Diagnostics are data, derived from the tree

cst.errors is rebuilt at settle from structured lexer entries plus the $error/$missing rows found by descending the structurally-propagated rowRM spine — never collected during parsing. That is what makes adoption safe for diagnostics: an adopted error region re-derives byte-identical messages from the current token columns. Two derived enrichments:

  • Viable sets — for a required literal in a seq, the companion literals provably still accepted when it fails: repetitions before it are always re-enterable (their nullable-prefix-reachable literals stay viable); nullable one-shot items are crossed but contribute nothing, since they may already have consumed. expected ',' or ']' never names an impossible continuation — a static FIRST union would (after [1, 2 an expression is not viable), and tsc under-reports the same position as ')' expected.
  • Paired openers — for each literal, intersect the sets of preceding literals across all its seq occurrences; a unique survivor is its structural opener ()(, ][, whiledo — derived, no bracket list), attached as related info pointing at the opener leaf among the $missing's earlier siblings.

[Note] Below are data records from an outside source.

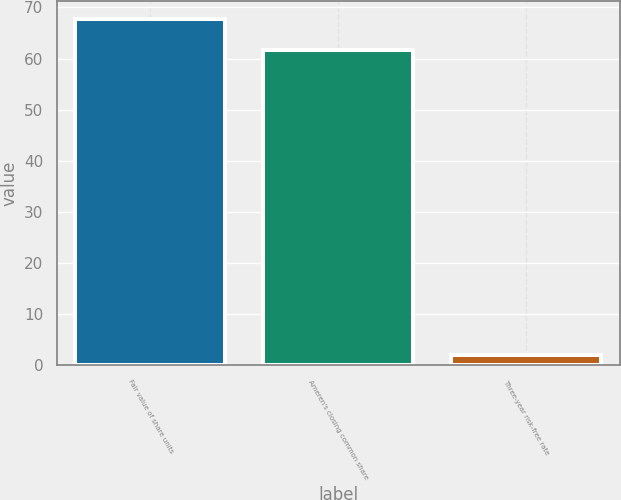<chart> <loc_0><loc_0><loc_500><loc_500><bar_chart><fcel>Fair value of share units<fcel>Ameren's closing common share<fcel>Three-year risk-free rate<nl><fcel>67.78<fcel>61.69<fcel>1.98<nl></chart> 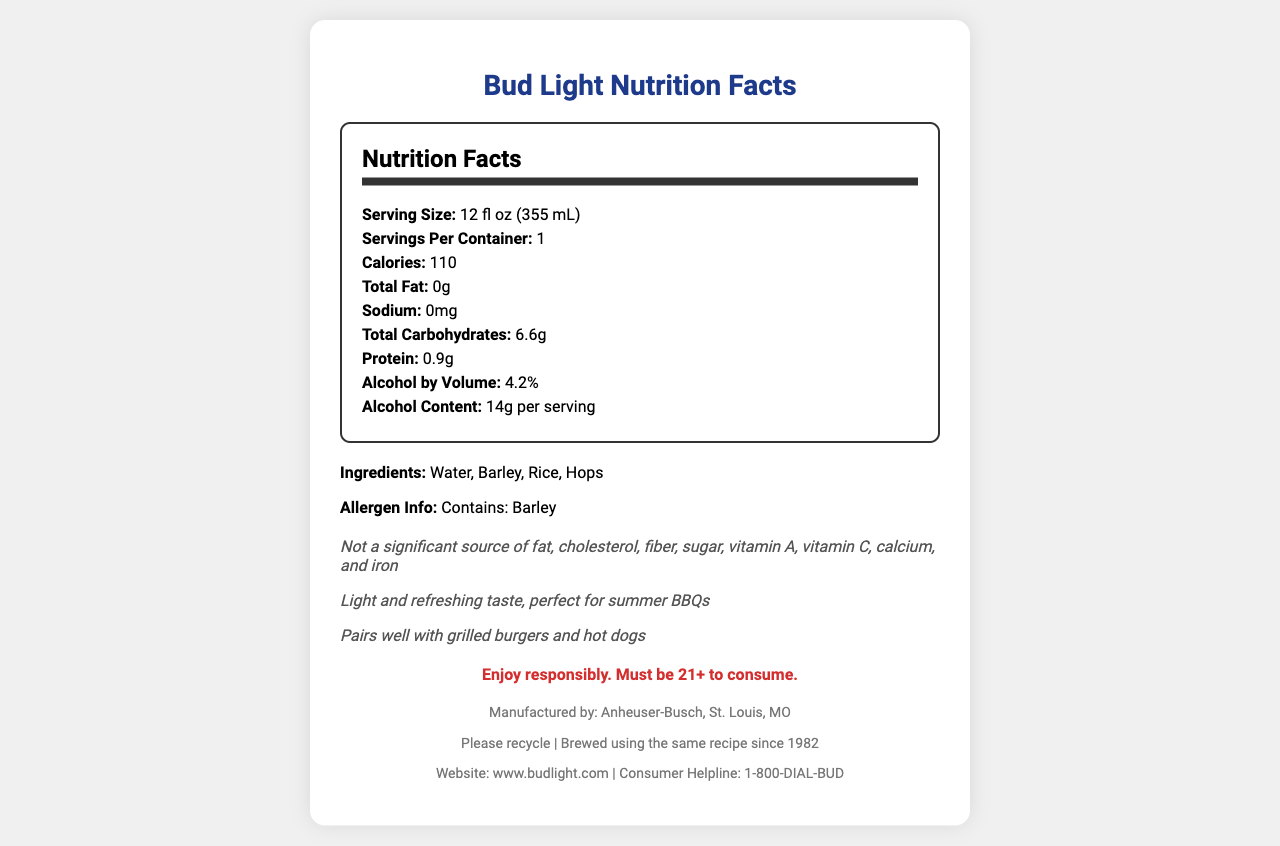what is the serving size for Bud Light? The serving size is explicitly listed as 12 fl oz (355 mL) in the nutrition facts.
Answer: 12 fl oz (355 mL) how many calories are there per serving? The document lists the calorie content as 110 per serving.
Answer: 110 what are the total carbohydrates in a serving of Bud Light? The total carbohydrates per serving are listed as 6.6g.
Answer: 6.6g is there any sodium in a serving of Bud Light? The sodium content is listed as 0mg in the nutrition facts.
Answer: No what ingredients are used in Bud Light? The ingredients section lists water, barley, rice, and hops.
Answer: Water, Barley, Rice, Hops what is the alcohol by volume percentage for Bud Light? The nutrition facts show that the alcohol by volume is 4.2%.
Answer: 4.2% what is the alcohol content per serving? The document states that the alcohol content is 14g per serving.
Answer: 14g per serving which location manufactures Bud Light? The footer of the document mentions that Bud Light is manufactured by Anheuser-Busch in St. Louis, MO.
Answer: Anheuser-Busch, St. Louis, MO what allergen information is provided for Bud Light? The allergen information reveals that Bud Light contains barley.
Answer: Contains: Barley what is not a significant source found in Bud Light? The additional facts section states that Bud Light is not a significant source of these nutrients.
Answer: Fat, cholesterol, fiber, sugar, vitamin A, vitamin C, calcium, and iron when was the brewing tradition for Bud Light established? The document mentions that Bud Light has been brewed using the same recipe since 1982.
Answer: 1982 how many grams of protein are in a serving of Bud Light? The protein content per serving is listed as 0.9g.
Answer: 0.9g what message is given regarding responsible drinking? The responsible drinking message states to enjoy responsibly and notes that consumers must be 21 or older.
Answer: Enjoy responsibly. Must be 21+ to consume. which of the following is a correct fact about Bud Light? A. Contains sugar B. Has 200 calories C. Light and refreshing taste Option C is correct, as the document mentions Bud Light has a light and refreshing taste.
Answer: C. Light and refreshing taste what type of container should Bud Light be recycled in? The footer of the document includes the recycling information that states "Please recycle."
Answer: Please recycle does Bud Light contain any fat? The total fat content is listed as 0g, meaning Bud Light does not contain any fat.
Answer: No describe the main idea of the Bud Light nutrition facts document. The document is a comprehensive nutrition facts label that includes details like serving size, nutrients, ingredients, and additional claims about the taste and suitability for BBQs, enhancing consumer awareness.
Answer: The document provides detailed nutritional information about Bud Light, including serving size, calorie count, and ingredients. It highlights the light and refreshing nature of the beer, mentions that it pairs well with BBQ food, and provides responsible drinking messages. what was the revenue of Bud Light last year? The document does not provide any financial information, such as revenue or sales data.
Answer: Cannot be determined 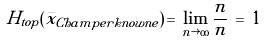Convert formula to latex. <formula><loc_0><loc_0><loc_500><loc_500>H _ { t o p } ( \bar { x } _ { C h a m p e r k n o w n e } ) \, = \, \lim _ { n \rightarrow \infty } \frac { n } { n } \, = \, 1</formula> 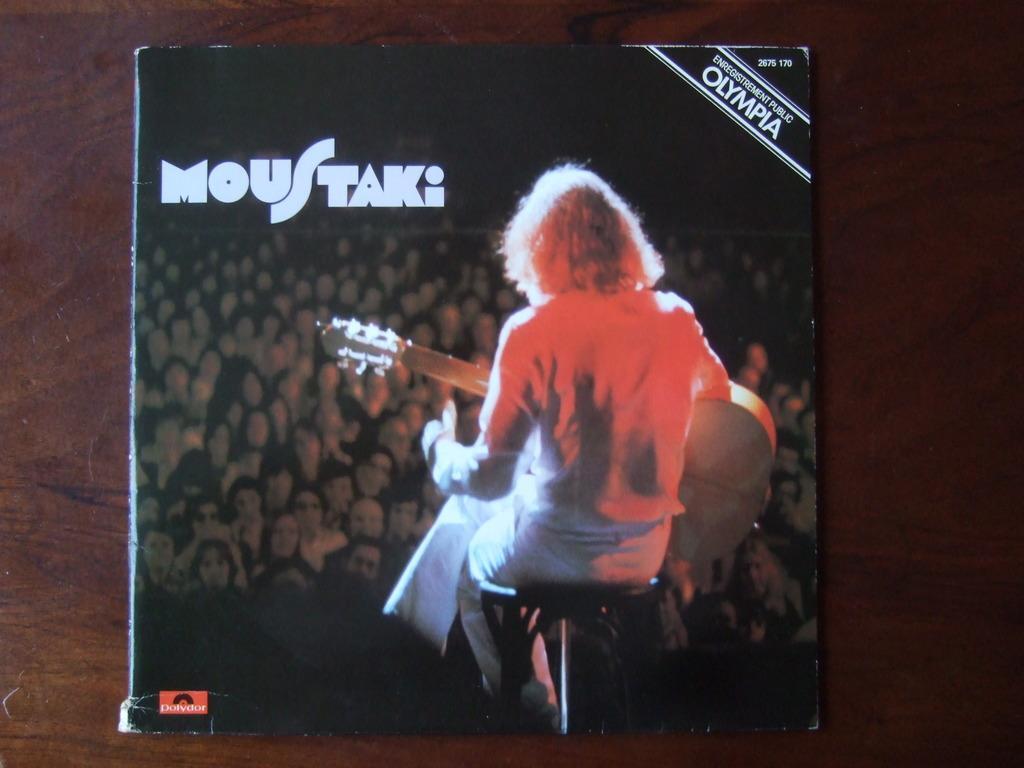Can you describe this image briefly? In this image there is a book on the wooden board, and there are words , numbers and a photo on the book. 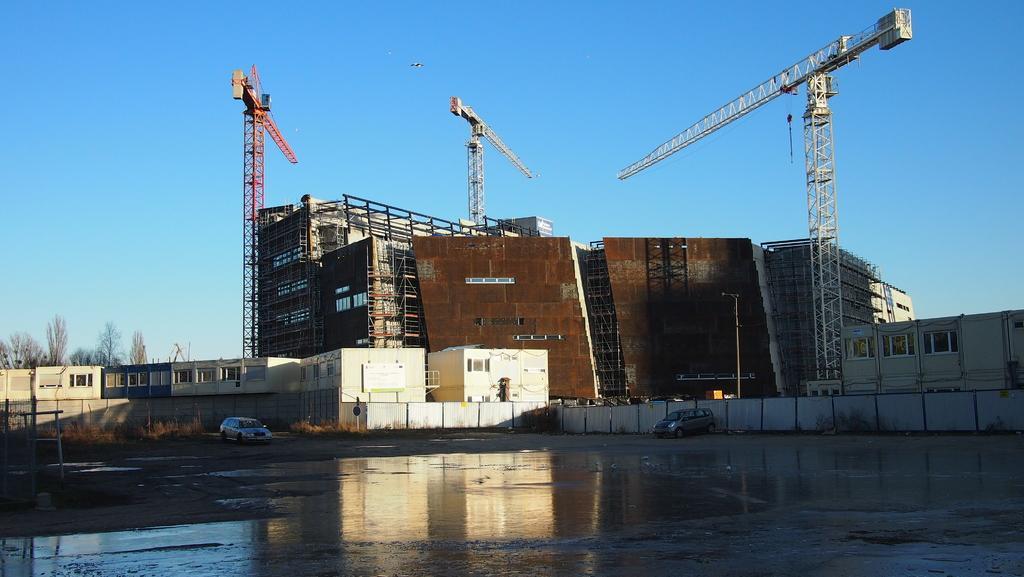How would you summarize this image in a sentence or two? In this image we can see a group of buildings, fence, metal frames and a board on a wall. We can also see some vehicles on the road, poles, some water on the ground, a group of trees and a bird flying in the sky. 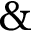Convert formula to latex. <formula><loc_0><loc_0><loc_500><loc_500>\&</formula> 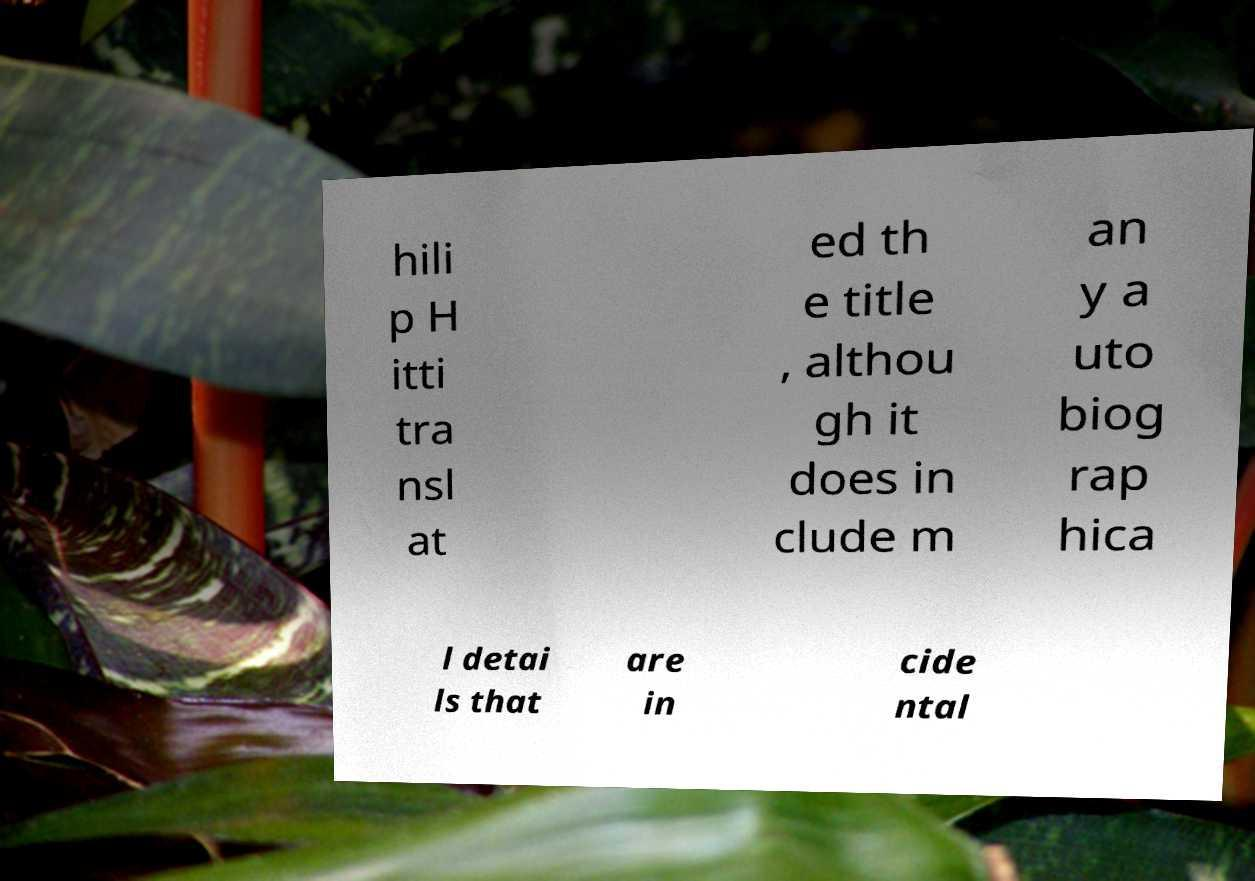Could you extract and type out the text from this image? hili p H itti tra nsl at ed th e title , althou gh it does in clude m an y a uto biog rap hica l detai ls that are in cide ntal

Measured (9 MB TypeScript, single-character edits, median)

phase Monogram tsc updateSourceFile tree-sitter
fresh parse 167 ms 207 ms 430 ms
valid keystroke 0.37 ms 35 ms 0.18 ms
breaking edit 12 ms 12.0 ms 0.29 ms
while-broken keystroke 0.22 ms 11.9 ms 0.30 ms
fixing edit 2.2 ms 11.9 ms 0.22 ms

(test/head-to-head.ts.) The transition rows measure a first-touch 4.5 MB cursor jump: token offsets are EOF-relative-biased so local typing never rewrites the suffix (the 0.37 ms valid keystroke), and the bias boundary moves with the cursor — a far jump pays once, proportional to the distance. Repeated break/fix transitions at one position settle to ~1.6–2 ms, of which the strict-fail pass is 0.23 ms and the recovery attempts 0.46 ms; the raw 7-column suffix memmove measures 0.07 ms, so the residual is spread bookkeeping, not a storage floor.

Error-report agreement with tsc's parser on the conformance files it rejects (test/recovery-conformance.ts, ±8 chars): recall 59.1%, precision 82.4%, first-error agreement 57.5%.

The gates that hold all of this exact

  • test/incremental-grammars.ts — generative inputs × seeded edits × all 7 grammars: every step's tree+errors byte-equal to fresh, self-consistent spans, no throws (672 steps).
  • test/incremental-verify.ts, test/multi-doc.ts — real-file edit scripts and interleaved documents under the same byte-equality.
  • test/recovery.ts — strict-path identity on valid texts, totality and determinism on an invalid corpus, a char-by-char typing session, and exact-match diagnostic pins (synthesis quality must not silently regress to absorption).
  • test/emit-parser-verify.ts / test/emit-reject-messages.ts / test/emit-lexer-verify.ts — the emitted runtime ≡ the interpreter (CST, token streams, and reject messages). They run on a corpus-free in-repo corpus (test/emit-corpus.ts: curated snippets + the repo's own sources), so they are part of npm run check on every machine — the mechanism that forces a gen-parser change to propagate to emit-parser. The CI emit-parity job adds the full external TS corpus for breadth.